Work instructions
Go through the data below. List every line that holds the word "less".

####################

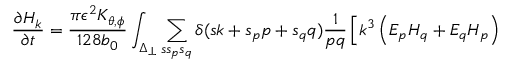Convert formula to latex. <formula><loc_0><loc_0><loc_500><loc_500>\frac { \partial H _ { k } } { \partial t } = \frac { \pi \epsilon ^ { 2 } K _ { \theta , \phi } } { 1 2 8 b _ { 0 } } \int _ { \Delta _ { \perp } } \sum _ { s s _ { p } s _ { q } } \delta ( s k + s _ { p } p + s _ { q } q ) \frac { 1 } { p q } \left [ k ^ { 3 } \left ( E _ { p } H _ { q } + E _ { q } H _ { p } \right )</formula> 
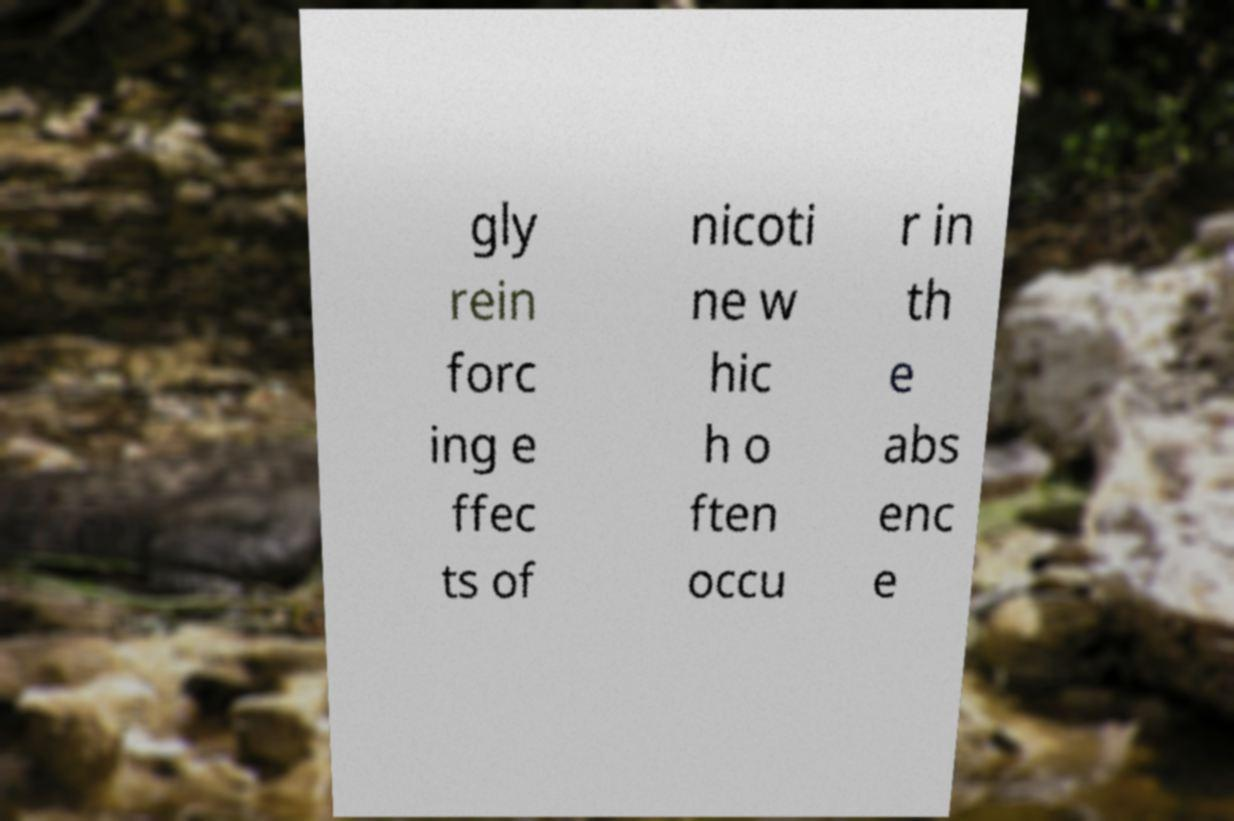Please identify and transcribe the text found in this image. gly rein forc ing e ffec ts of nicoti ne w hic h o ften occu r in th e abs enc e 
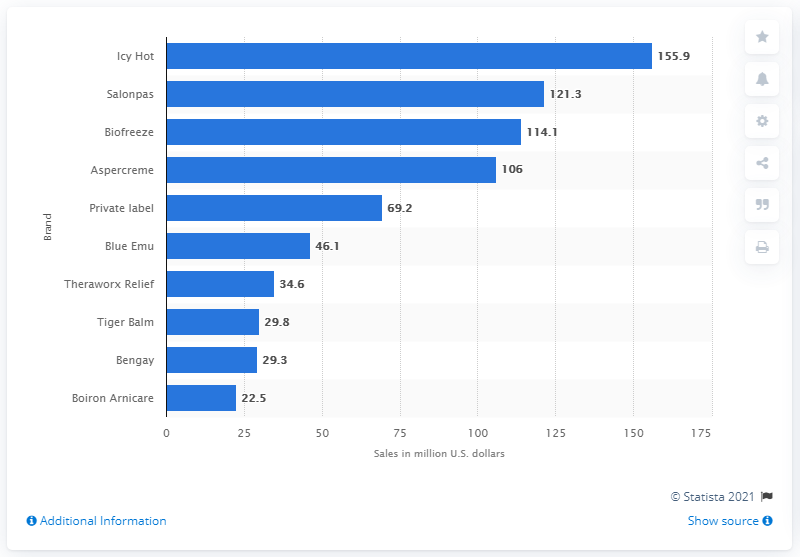Specify some key components in this picture. In 2019, Salonpas was the second-best-selling brand in terms of sales. In 2019, Icy Hot was the top selling external analgesic rub brand in the country. Icy Hot generated $155.9 million in sales in 2019. 
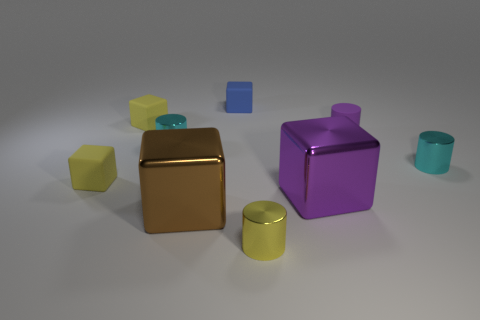What materials do the objects appear to be made of? The objects within the image appear to have a smooth, reflective surface, suggesting they could be made of materials such as plastic or polished metal, contributing to their sheen and substantial presence. 
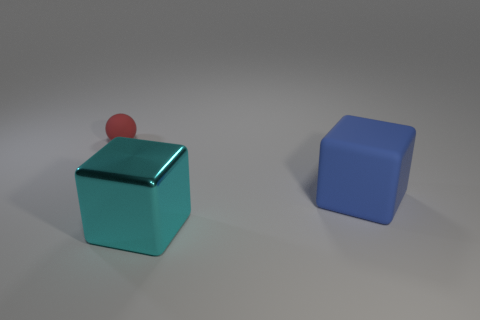Add 2 green matte objects. How many objects exist? 5 Subtract 1 spheres. How many spheres are left? 0 Subtract all balls. How many objects are left? 2 Subtract all yellow cylinders. How many yellow spheres are left? 0 Subtract all big blue matte cubes. Subtract all large cyan rubber things. How many objects are left? 2 Add 2 big cyan cubes. How many big cyan cubes are left? 3 Add 2 shiny blocks. How many shiny blocks exist? 3 Subtract all cyan blocks. How many blocks are left? 1 Subtract 0 gray balls. How many objects are left? 3 Subtract all purple cubes. Subtract all green cylinders. How many cubes are left? 2 
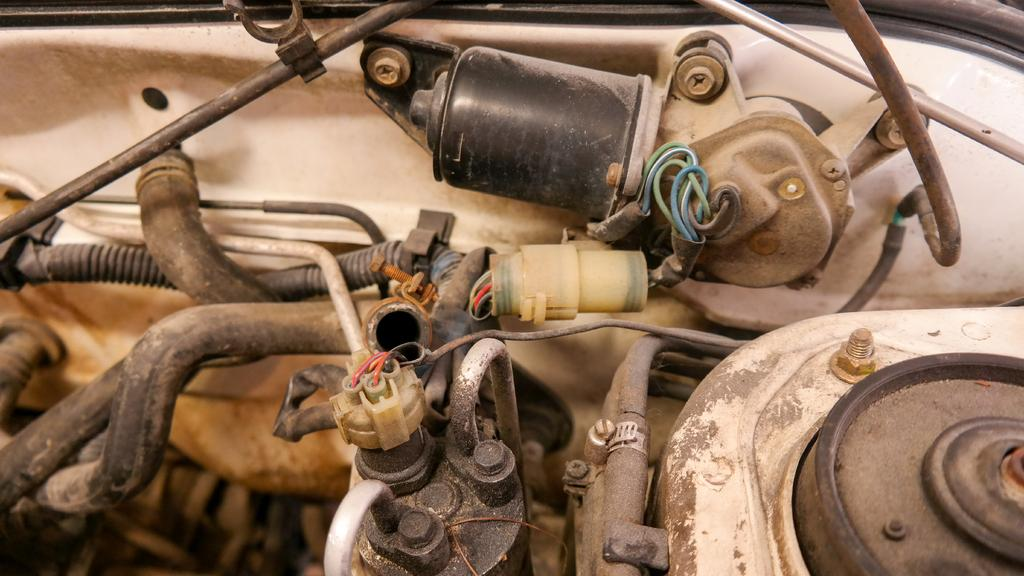What type of objects can be seen in the image? The image contains wires, motors, pipes, nuts, and rods. Can you describe the wires in the image? The image contains wires, but no further details are provided about their appearance or function. What type of objects are the motors connected to in the image? The image contains motors, but no further details are provided about their connections or function. What type of objects are the nuts used with in the image? The image contains nuts, but no further details are provided about their use or purpose. What type of objects are the rods connected to in the image? The image contains rods, but no further details are provided about their connections or function. What type of arch can be seen in the image? There is no arch present in the image. How many bubbles are floating in the image? There are no bubbles present in the image. 
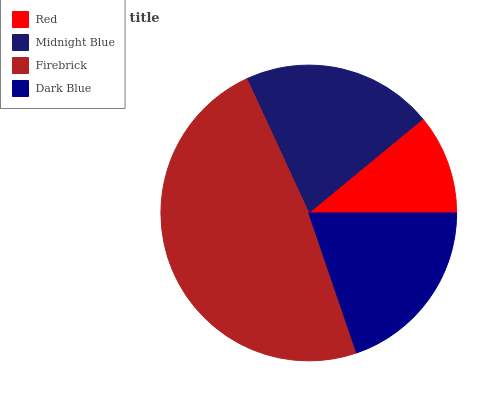Is Red the minimum?
Answer yes or no. Yes. Is Firebrick the maximum?
Answer yes or no. Yes. Is Midnight Blue the minimum?
Answer yes or no. No. Is Midnight Blue the maximum?
Answer yes or no. No. Is Midnight Blue greater than Red?
Answer yes or no. Yes. Is Red less than Midnight Blue?
Answer yes or no. Yes. Is Red greater than Midnight Blue?
Answer yes or no. No. Is Midnight Blue less than Red?
Answer yes or no. No. Is Midnight Blue the high median?
Answer yes or no. Yes. Is Dark Blue the low median?
Answer yes or no. Yes. Is Red the high median?
Answer yes or no. No. Is Firebrick the low median?
Answer yes or no. No. 
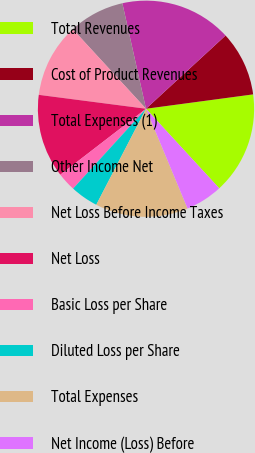Convert chart to OTSL. <chart><loc_0><loc_0><loc_500><loc_500><pie_chart><fcel>Total Revenues<fcel>Cost of Product Revenues<fcel>Total Expenses (1)<fcel>Other Income Net<fcel>Net Loss Before Income Taxes<fcel>Net Loss<fcel>Basic Loss per Share<fcel>Diluted Loss per Share<fcel>Total Expenses<fcel>Net Income (Loss) Before<nl><fcel>15.28%<fcel>9.72%<fcel>16.67%<fcel>8.33%<fcel>11.11%<fcel>12.5%<fcel>2.78%<fcel>4.17%<fcel>13.89%<fcel>5.56%<nl></chart>

####################

Task output
Answer yes or no. Yes. Is Red less than Midnight Blue?
Answer yes or no. No. Is Midnight Blue less than Red?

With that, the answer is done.